• **Exercise objective**
Copy the data exactly, pictures aside.

• **Data**
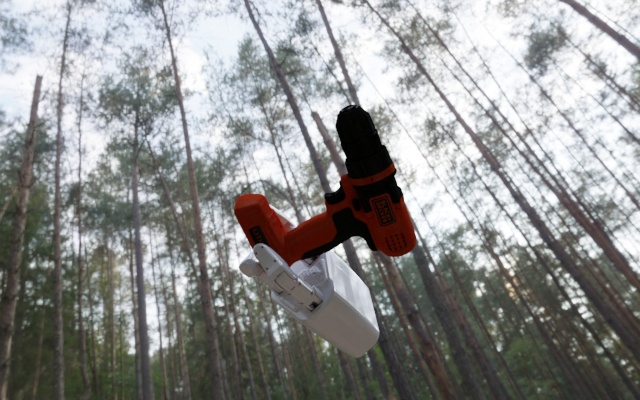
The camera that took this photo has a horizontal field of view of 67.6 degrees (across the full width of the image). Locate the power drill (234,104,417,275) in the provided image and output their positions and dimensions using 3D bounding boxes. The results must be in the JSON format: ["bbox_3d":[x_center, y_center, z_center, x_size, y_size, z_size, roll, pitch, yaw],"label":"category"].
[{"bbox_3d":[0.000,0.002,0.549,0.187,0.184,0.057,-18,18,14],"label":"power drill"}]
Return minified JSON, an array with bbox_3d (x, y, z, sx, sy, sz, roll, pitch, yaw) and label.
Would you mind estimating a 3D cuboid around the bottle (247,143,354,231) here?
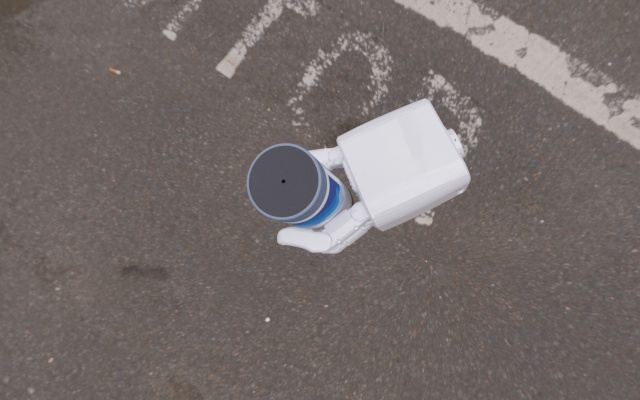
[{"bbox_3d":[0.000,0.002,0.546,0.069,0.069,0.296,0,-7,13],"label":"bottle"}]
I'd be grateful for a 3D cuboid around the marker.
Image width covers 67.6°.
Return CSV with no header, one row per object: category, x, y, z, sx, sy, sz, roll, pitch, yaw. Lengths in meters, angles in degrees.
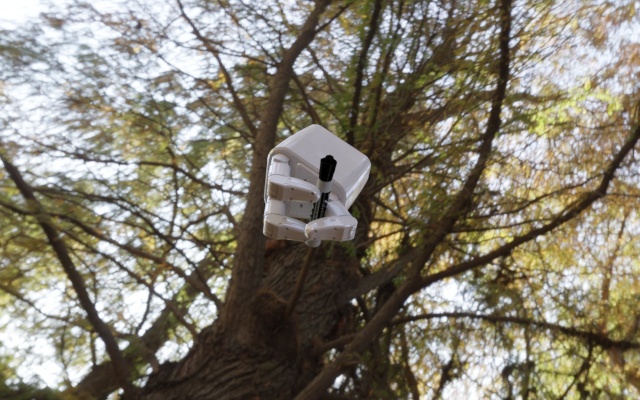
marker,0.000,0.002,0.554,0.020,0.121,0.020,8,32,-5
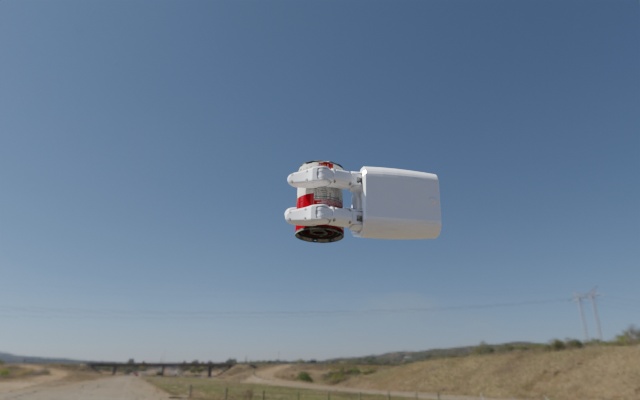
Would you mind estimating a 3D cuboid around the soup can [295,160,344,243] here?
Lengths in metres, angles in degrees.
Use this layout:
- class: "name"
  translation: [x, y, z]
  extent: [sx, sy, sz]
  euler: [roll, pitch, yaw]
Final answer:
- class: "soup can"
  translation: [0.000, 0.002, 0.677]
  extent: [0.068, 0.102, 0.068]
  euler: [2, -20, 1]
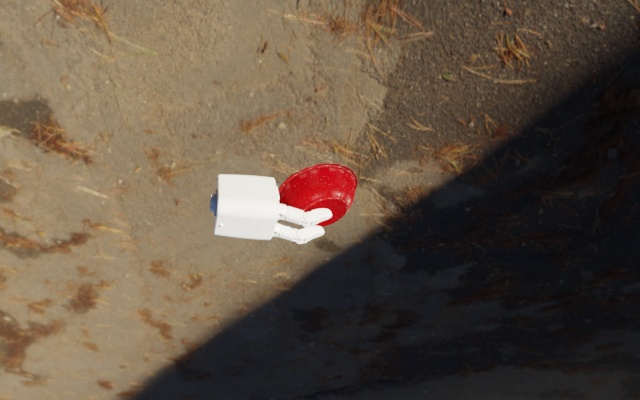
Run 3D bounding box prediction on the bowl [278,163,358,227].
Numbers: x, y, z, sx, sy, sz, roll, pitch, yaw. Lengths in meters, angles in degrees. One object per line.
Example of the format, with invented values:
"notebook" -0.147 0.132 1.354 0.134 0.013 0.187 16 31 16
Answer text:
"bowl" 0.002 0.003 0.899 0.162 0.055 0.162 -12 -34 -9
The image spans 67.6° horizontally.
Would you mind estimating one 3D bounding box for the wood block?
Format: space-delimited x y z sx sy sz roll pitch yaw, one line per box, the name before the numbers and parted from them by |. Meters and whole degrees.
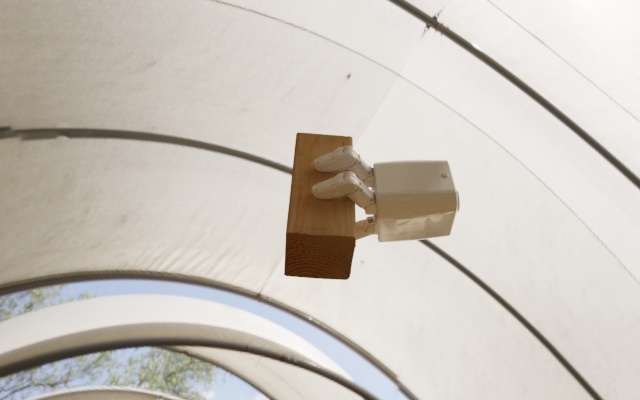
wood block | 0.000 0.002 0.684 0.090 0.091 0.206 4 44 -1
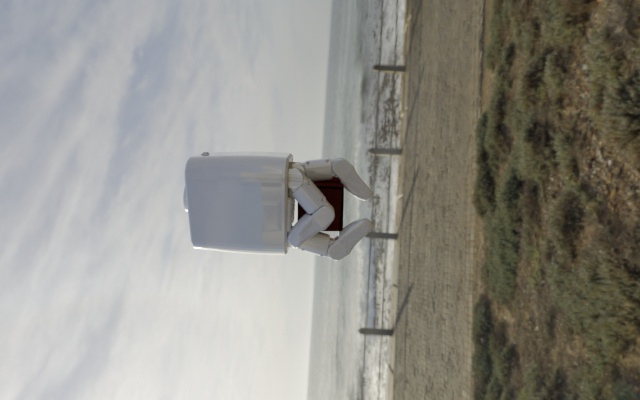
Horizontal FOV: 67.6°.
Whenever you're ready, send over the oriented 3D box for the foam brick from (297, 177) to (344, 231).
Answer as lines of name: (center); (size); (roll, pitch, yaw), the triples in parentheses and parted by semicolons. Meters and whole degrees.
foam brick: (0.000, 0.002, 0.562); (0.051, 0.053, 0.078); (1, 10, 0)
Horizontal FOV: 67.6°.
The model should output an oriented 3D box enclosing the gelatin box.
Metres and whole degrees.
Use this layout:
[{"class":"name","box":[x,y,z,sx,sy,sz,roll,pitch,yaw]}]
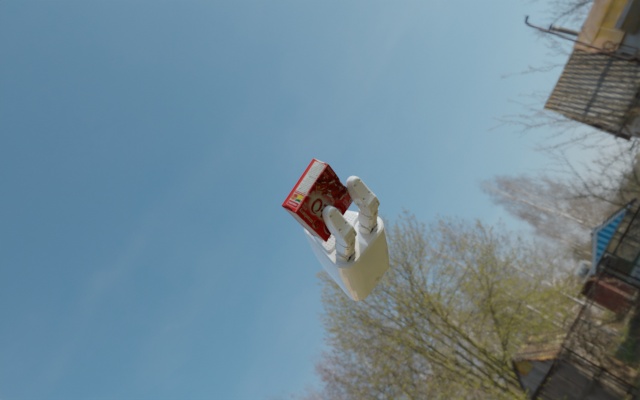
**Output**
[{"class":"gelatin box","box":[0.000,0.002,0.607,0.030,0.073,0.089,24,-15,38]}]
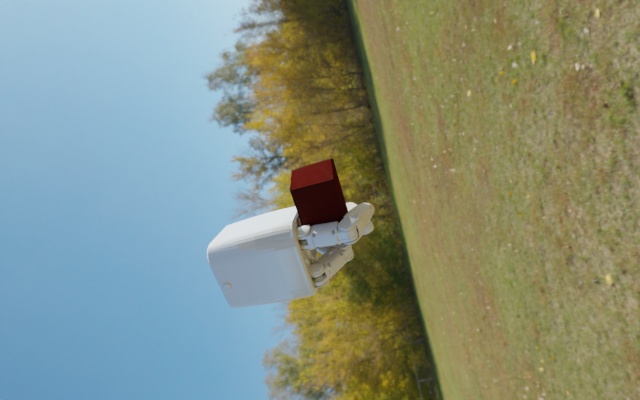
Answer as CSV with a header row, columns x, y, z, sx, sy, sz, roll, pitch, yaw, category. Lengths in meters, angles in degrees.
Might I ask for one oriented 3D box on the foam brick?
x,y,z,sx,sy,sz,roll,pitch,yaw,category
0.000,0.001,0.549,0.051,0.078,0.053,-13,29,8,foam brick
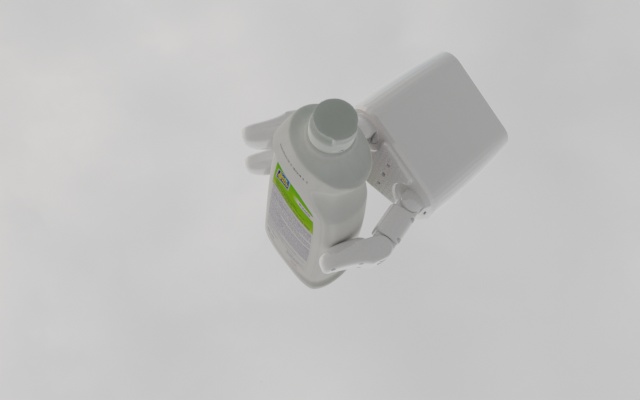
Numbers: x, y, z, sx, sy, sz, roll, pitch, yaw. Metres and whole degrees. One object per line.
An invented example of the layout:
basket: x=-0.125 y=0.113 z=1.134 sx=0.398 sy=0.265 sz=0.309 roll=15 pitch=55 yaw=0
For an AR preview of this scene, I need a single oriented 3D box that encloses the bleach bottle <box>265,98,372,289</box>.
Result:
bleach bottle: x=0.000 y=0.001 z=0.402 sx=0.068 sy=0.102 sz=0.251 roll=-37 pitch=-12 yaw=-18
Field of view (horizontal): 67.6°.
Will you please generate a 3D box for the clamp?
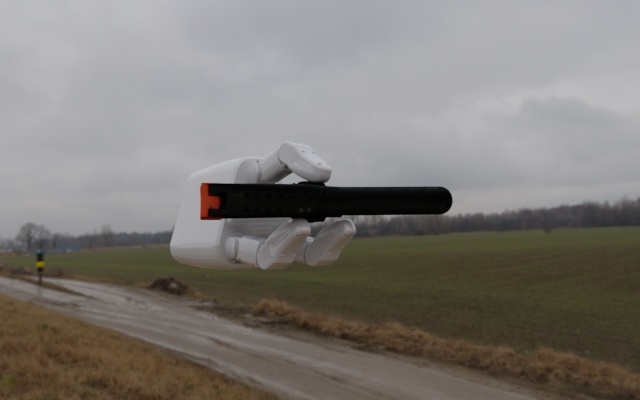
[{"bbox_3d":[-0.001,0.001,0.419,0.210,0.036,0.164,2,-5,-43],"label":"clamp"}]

• **Exercise answer**
The camera that took this photo has a horizontal field of view of 67.6 degrees (across the full width of the image). Locate the power drill (234,104,417,275) in the provided image and output their positions and dimensions using 3D bounding boxes. The results must be in the JSON format: ["bbox_3d":[x_center, y_center, z_center, x_size, y_size, z_size, roll, pitch, yaw],"label":"category"].
[{"bbox_3d":[0.000,0.002,0.549,0.187,0.184,0.057,-18,18,14],"label":"power drill"}]
Return minified JSON, an array with bbox_3d (x, y, z, sx, sy, sz, roll, pitch, yaw) and label.
Would you mind estimating a 3D cuboid around the bottle (247,143,354,231) here?
[{"bbox_3d":[0.000,0.002,0.546,0.069,0.069,0.296,0,-7,13],"label":"bottle"}]
I'd be grateful for a 3D cuboid around the marker.
Image width covers 67.6°.
Return CSV with no header, one row per object: category, x, y, z, sx, sy, sz, roll, pitch, yaw. Lengths in meters, angles in degrees.
marker,0.000,0.002,0.554,0.020,0.121,0.020,8,32,-5
Would you mind estimating a 3D cuboid around the soup can [295,160,344,243] here?
Lengths in metres, angles in degrees.
Use this layout:
- class: "name"
  translation: [x, y, z]
  extent: [sx, sy, sz]
  euler: [roll, pitch, yaw]
Final answer:
- class: "soup can"
  translation: [0.000, 0.002, 0.677]
  extent: [0.068, 0.102, 0.068]
  euler: [2, -20, 1]
Run 3D bounding box prediction on the bowl [278,163,358,227].
Numbers: x, y, z, sx, sy, sz, roll, pitch, yaw. Lengths in meters, angles in degrees. One object per line.
Example of the format, with invented values:
"notebook" -0.147 0.132 1.354 0.134 0.013 0.187 16 31 16
Answer text:
"bowl" 0.002 0.003 0.899 0.162 0.055 0.162 -12 -34 -9
The image spans 67.6° horizontally.
Would you mind estimating one 3D bounding box for the wood block?
Format: space-delimited x y z sx sy sz roll pitch yaw, one line per box, the name before the numbers and parted from them by |. Meters and whole degrees.
wood block | 0.000 0.002 0.684 0.090 0.091 0.206 4 44 -1
Horizontal FOV: 67.6°.
Whenever you're ready, send over the oriented 3D box for the foam brick from (297, 177) to (344, 231).
Answer as lines of name: (center); (size); (roll, pitch, yaw), the triples in parentheses and parted by semicolons. Meters and whole degrees.
foam brick: (0.000, 0.002, 0.562); (0.051, 0.053, 0.078); (1, 10, 0)
Horizontal FOV: 67.6°.
The model should output an oriented 3D box enclosing the gelatin box.
Metres and whole degrees.
Use this layout:
[{"class":"name","box":[x,y,z,sx,sy,sz,roll,pitch,yaw]}]
**Output**
[{"class":"gelatin box","box":[0.000,0.002,0.607,0.030,0.073,0.089,24,-15,38]}]
Answer as CSV with a header row, columns x, y, z, sx, sy, sz, roll, pitch, yaw, category. Lengths in meters, angles in degrees.
Might I ask for one oriented 3D box on the foam brick?
x,y,z,sx,sy,sz,roll,pitch,yaw,category
0.000,0.001,0.549,0.051,0.078,0.053,-13,29,8,foam brick
Numbers: x, y, z, sx, sy, sz, roll, pitch, yaw. Metres and whole degrees. One object per line.
An invented example of the layout:
basket: x=-0.125 y=0.113 z=1.134 sx=0.398 sy=0.265 sz=0.309 roll=15 pitch=55 yaw=0
For an AR preview of this scene, I need a single oriented 3D box that encloses the bleach bottle <box>265,98,372,289</box>.
Result:
bleach bottle: x=0.000 y=0.001 z=0.402 sx=0.068 sy=0.102 sz=0.251 roll=-37 pitch=-12 yaw=-18
Field of view (horizontal): 67.6°.
Will you please generate a 3D box for the clamp?
[{"bbox_3d":[-0.001,0.001,0.419,0.210,0.036,0.164,2,-5,-43],"label":"clamp"}]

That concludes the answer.